Director Compensation (Program Reference)

ElementFY2025 Amount/Structure
Annual cash retainer$75,000 (non-employee directors)
Audit/Comp committee member fee$15,000 (per committee)
Committee chair fee$25,000
Annual equity retainer (RSUs)$160,000 (fully vested; held until post-service)

Note: Quentin, as an employee-director, does not receive director retainers or equity under the Director plan; his compensation is paid as an employee.

Say-on-Pay & Shareholder Feedback (Context)
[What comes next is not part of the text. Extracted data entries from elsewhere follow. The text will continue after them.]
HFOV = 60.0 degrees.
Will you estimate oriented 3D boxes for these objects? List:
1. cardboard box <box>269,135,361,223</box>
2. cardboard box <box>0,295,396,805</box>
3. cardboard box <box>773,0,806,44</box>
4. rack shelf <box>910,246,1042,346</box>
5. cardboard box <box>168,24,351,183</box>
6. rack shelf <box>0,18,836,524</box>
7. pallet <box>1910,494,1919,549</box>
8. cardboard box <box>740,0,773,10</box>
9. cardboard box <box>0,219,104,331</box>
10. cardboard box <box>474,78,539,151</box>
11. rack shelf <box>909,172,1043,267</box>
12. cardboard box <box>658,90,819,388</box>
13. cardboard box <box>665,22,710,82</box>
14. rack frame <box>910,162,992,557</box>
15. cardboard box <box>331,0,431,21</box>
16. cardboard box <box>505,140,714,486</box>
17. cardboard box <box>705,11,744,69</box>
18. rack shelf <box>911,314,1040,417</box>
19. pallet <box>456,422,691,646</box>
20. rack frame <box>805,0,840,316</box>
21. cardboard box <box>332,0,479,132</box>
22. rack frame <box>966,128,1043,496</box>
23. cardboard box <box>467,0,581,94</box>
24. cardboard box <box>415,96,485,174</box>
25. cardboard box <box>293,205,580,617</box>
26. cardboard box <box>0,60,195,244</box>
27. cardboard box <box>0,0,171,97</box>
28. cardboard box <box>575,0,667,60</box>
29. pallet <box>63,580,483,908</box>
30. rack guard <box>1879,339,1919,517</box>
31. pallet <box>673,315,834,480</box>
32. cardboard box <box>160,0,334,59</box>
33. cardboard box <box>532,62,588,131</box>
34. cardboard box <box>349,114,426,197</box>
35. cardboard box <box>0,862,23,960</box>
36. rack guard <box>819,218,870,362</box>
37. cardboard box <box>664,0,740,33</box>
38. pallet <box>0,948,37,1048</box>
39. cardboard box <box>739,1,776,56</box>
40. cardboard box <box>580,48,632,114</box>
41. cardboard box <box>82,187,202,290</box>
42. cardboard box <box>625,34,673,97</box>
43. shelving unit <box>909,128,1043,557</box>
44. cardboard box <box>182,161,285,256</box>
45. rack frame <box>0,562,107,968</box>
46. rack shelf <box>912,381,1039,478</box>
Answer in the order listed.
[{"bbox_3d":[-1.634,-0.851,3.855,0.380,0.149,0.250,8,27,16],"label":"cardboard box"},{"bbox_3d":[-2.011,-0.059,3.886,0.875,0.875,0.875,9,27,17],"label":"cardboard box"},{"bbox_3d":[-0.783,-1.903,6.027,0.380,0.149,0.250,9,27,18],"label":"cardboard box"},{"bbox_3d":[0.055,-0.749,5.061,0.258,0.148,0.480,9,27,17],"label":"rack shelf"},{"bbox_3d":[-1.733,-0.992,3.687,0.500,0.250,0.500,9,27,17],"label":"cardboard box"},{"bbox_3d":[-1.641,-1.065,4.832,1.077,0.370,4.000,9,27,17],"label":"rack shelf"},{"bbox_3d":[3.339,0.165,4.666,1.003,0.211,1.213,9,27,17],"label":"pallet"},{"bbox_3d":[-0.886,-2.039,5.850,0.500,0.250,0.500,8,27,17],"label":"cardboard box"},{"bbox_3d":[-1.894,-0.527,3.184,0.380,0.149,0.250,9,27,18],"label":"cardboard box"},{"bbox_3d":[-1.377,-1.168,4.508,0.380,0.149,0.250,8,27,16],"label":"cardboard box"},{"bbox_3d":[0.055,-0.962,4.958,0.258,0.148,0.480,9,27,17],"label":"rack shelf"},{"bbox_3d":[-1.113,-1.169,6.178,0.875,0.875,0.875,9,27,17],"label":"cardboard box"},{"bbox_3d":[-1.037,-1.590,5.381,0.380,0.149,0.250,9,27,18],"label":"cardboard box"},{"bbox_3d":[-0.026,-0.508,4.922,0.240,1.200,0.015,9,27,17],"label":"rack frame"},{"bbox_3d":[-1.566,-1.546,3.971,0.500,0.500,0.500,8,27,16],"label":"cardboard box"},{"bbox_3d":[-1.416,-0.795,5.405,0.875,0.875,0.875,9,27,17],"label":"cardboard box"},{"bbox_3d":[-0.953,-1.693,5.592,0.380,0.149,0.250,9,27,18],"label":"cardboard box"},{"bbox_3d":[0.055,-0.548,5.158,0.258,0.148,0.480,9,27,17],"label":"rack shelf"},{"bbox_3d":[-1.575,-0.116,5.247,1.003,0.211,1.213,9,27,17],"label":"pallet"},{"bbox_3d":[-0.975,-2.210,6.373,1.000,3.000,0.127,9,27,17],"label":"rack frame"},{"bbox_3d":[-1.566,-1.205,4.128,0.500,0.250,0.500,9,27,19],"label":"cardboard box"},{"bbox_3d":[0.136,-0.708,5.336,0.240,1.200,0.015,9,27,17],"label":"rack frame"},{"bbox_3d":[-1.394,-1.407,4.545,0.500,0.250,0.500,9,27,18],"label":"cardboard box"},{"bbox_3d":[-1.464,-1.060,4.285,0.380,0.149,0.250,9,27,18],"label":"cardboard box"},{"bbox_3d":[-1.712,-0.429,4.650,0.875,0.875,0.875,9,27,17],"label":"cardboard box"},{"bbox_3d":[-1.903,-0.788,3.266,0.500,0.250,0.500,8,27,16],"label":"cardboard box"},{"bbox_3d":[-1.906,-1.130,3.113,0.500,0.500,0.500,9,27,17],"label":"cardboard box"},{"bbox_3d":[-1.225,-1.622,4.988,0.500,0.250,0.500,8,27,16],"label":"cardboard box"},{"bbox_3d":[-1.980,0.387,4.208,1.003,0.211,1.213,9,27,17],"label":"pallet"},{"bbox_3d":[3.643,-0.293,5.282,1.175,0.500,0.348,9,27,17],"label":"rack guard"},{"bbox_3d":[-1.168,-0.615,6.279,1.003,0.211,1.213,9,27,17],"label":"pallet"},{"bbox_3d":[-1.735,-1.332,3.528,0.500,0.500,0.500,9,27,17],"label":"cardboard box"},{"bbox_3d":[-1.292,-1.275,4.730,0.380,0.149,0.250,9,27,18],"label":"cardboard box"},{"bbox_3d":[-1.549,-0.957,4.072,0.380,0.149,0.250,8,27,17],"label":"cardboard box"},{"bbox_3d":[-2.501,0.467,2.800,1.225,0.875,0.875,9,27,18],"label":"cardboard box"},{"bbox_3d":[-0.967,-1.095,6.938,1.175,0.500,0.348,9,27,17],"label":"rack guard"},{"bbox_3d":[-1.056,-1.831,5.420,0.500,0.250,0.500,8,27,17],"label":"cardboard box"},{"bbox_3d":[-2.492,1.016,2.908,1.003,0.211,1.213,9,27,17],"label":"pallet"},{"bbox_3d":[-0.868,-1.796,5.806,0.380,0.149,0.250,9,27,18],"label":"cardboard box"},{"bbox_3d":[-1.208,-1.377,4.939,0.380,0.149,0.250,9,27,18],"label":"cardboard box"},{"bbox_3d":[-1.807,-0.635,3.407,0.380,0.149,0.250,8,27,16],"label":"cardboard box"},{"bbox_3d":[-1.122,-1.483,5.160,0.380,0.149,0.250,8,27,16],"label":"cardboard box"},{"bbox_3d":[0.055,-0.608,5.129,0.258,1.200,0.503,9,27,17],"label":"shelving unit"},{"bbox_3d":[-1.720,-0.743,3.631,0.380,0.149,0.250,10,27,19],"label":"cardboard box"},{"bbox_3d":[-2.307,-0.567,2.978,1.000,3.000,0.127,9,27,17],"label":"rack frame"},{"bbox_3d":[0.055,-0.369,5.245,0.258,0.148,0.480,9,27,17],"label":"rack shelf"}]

  • In 2024, a majority supported say-on-pay, including approximately 92.1% of Class A holders, following outreach to over 60% of Class A shareholders in FY2025.

Governance Assessment

  • Strengths

    • Transparent disclosure of Quentin’s employment/compensation and family relationships, with Independent Committee processes in place for related party transactions.
    • Robust insider trading, anti-hedging/pledging, and RSU holding policies that improve alignment.
    • Company-wide incentive design ties long-term equity to objective financial metrics (Revenues/AOI) with disclosed outcomes for PSU cycles.
  • Concerns / RED FLAGS

    • Not independent; direct familial relationship to the Executive Chairman & CEO, and simultaneous employment, create potential conflict and limit board independence.
    • Controlled company structure gives the Dolan Family Group decisive voting control, reducing minority shareholder influence on director elections and say-on-pay outcomes.
    • Extensive cross-board interlocks and intercompany transactions necessitate rigorous Independent Committee scrutiny to mitigate conflicts.
  • Net view

    • Quentin’s operational role (player performance/science), plus cross-entity board exposure, may add domain familiarity, but his lack of independence and family ties elevate conflict risk; investors should monitor Independent Committee rigor, attendance, and any expansion of his duties or compensation.